The first thing that makes the Crossfuse stand out is the range – a mammoth 80km to 130km. That means it will only require plugging in two or three times a month for most commuters and can handle long day rides if you want to use the Crossfuse for touring. I got 110km out of one charge riding almost all of that distance in Tour mode, which is the second-lowest level of assistance – there are four in total, running from Eco up to Turbo. If you blast around in Turbo the entire time the range will drop considerably, but unless you live in an especially hilly area you’ll rarely need it – the Tour mode will be enough assistance to breeze through your rides.

The second thing that this sets this e-bike apart is the ride. Thanks to its torque sensor, it delivers assistance from the Bosch Active Line PLUS motor in line with how hard you are pedalling, which makes for a far more natural and smooth experience than when assistance is provided based entirely on what level you pick. There’s no jerking into life when moving away from traffic lights – it feels just like riding a bike. A bike that just happens to require less effort.

The only downside of this kind of sensor is that on a steep uphill it can be nice to slap an e-bike into a high, fixed level of assistance and coast on up, whereas with the Crossfuse you need to pedal a little harder to get a bigger boost. It’s still not exactly hard to get up a hill, especially if you pick that moment to use the Turbo mode.

An important test for any e-bike is how it handles if the battery runs dry. At 24kg, the Crossfuse is a heavy beast, so I was not optimistic on this front. However, it passed just about the biggest test I could have thrown at it. The battery ran out 50m short of the biggest hill on my commute… the day after I ran the London Marathon. That I made it up the hill without assist or having to walk is testament to its rideability. That said, I will be making every effort to avoiding repeating the experience – it’s definitely not light enough that you don’t notice the difference between riding with assist and without.

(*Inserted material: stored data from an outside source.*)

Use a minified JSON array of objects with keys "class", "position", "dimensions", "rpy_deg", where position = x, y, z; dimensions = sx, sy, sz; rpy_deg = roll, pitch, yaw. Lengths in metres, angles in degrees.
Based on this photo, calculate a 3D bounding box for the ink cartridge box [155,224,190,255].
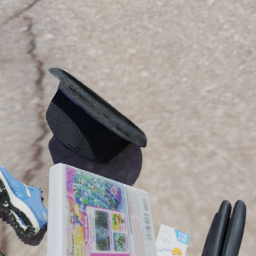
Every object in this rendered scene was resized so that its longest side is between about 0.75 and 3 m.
[{"class":"ink cartridge box","position":[0.782,2.585,5.595],"dimensions":[0.624,0.368,1.084],"rpy_deg":[18,61,11]}]

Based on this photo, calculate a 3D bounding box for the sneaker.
[{"class":"sneaker","position":[-2.342,1.498,6.069],"dimensions":[1.741,0.684,0.776],"rpy_deg":[47,26,12]}]

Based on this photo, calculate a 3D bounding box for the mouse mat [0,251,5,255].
[{"class":"mouse mat","position":[-2.339,2.041,4.164],"dimensions":[0.989,0.037,0.796],"rpy_deg":[37,52,13]}]

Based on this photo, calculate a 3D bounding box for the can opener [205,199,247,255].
[{"class":"can opener","position":[1.765,2.523,5.287],"dimensions":[0.805,0.999,2.540],"rpy_deg":[-17,42,42]}]

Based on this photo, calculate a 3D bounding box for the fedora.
[{"class":"fedora","position":[-0.937,-0.116,6.382],"dimensions":[2.788,2.788,1.273],"rpy_deg":[39,94,21]}]

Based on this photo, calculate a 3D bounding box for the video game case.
[{"class":"video game case","position":[-0.243,2.123,4.411],"dimensions":[0.321,2.465,2.708],"rpy_deg":[-24,56,28]}]

There is front suspension on the Crossfuse, which you can lock or unlock. In theory city riding should be done with it locked for extra efficiency while riding, but given the state of London’s roads and cycle lanes, I opted for the extra comfort of the suspension for all my riding. After a thin-wheeled racer, tackling potholes head-on while cruising around on the Crossfuse was a joy.

The Crossfuse also has disc brakes, which are a feature to look for on any e-bike, because stopping an e-bike’s considerable weight quickly is a concern, especially when flying downhill.

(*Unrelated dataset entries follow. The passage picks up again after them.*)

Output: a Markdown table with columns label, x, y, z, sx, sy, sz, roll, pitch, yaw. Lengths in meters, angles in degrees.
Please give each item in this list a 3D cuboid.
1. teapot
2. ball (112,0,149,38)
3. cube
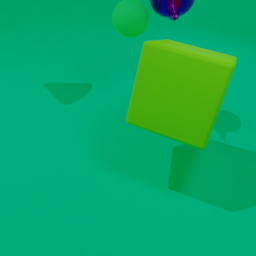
| label | x | y | z | sx | sy | sz | roll | pitch | yaw |
| --- | --- | --- | --- | --- | --- | --- | --- | --- | --- |
| teapot | 0.871 | -2.647 | 5.503 | 0.923 | 0.727 | 1.485 | -4 | 77 | 9 |
| ball | 0.058 | -2.241 | 5.729 | 0.758 | 0.758 | 0.758 | 0 | 41 | 0 |
| cube | 0.964 | -0.678 | 4.913 | 1.391 | 1.391 | 1.391 | 20 | 24 | 15 |

There’s an awful lot to like about the Crossfuse and I’ve not seen many e-bikes, if any, that can match its feature set for £1,600 – its excellent motor and vast range are more commonly found on £2,000-plus models. However, there are a few quibbles to address.

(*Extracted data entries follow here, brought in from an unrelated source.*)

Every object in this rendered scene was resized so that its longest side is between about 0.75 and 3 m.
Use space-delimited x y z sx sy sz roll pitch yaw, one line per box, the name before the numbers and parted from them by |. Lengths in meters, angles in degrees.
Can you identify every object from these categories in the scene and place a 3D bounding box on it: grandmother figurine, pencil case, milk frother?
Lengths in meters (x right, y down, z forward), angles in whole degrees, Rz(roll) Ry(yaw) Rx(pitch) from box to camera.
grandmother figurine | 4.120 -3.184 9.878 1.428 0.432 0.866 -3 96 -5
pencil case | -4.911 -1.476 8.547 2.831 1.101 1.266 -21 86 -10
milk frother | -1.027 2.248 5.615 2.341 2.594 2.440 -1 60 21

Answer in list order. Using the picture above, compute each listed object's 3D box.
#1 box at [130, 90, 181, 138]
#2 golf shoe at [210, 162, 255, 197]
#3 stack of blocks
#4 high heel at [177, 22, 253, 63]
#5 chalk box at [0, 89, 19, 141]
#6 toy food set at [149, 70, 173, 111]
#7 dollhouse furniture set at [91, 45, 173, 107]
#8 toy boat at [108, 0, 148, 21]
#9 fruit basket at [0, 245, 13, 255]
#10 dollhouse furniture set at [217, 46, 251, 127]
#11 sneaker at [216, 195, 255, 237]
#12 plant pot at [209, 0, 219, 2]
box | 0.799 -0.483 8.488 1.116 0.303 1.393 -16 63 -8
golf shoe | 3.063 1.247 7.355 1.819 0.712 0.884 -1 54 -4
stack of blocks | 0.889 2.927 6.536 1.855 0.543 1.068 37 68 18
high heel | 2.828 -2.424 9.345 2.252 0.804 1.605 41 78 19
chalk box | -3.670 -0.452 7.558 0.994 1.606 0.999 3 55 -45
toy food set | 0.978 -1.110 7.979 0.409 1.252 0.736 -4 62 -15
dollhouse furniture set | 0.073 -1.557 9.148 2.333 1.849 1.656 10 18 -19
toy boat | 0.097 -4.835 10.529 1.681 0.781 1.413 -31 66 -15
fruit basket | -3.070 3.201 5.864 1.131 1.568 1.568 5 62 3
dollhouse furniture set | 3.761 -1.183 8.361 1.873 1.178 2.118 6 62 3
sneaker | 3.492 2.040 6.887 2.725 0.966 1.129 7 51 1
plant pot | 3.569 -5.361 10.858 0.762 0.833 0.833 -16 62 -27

The first is a lack of integrated accessories. A kickstand, mudguards and lights that run off the battery are all very useful on an e-bike. The second is the display screen on the handlebars, which indicates the amount of battery left through bars only. Many e-bikes will estimate how many miles or kilometres you have left in any given mode of assistance. That means it takes a while to learn how much distance you get from each bar and you risk running out of juice if you push that last bar too far.

These downsides are relatively minor compared with the upsides of the Crossfuse. If you opt for an e-bike in the £2,000-and-up range you will get a little more, mostly in terms of a lighter frame, upgraded gears and a customised motor. But the Crossfuse is a whole lot of e-bike for its price, and commuters in particular will get all they need from it.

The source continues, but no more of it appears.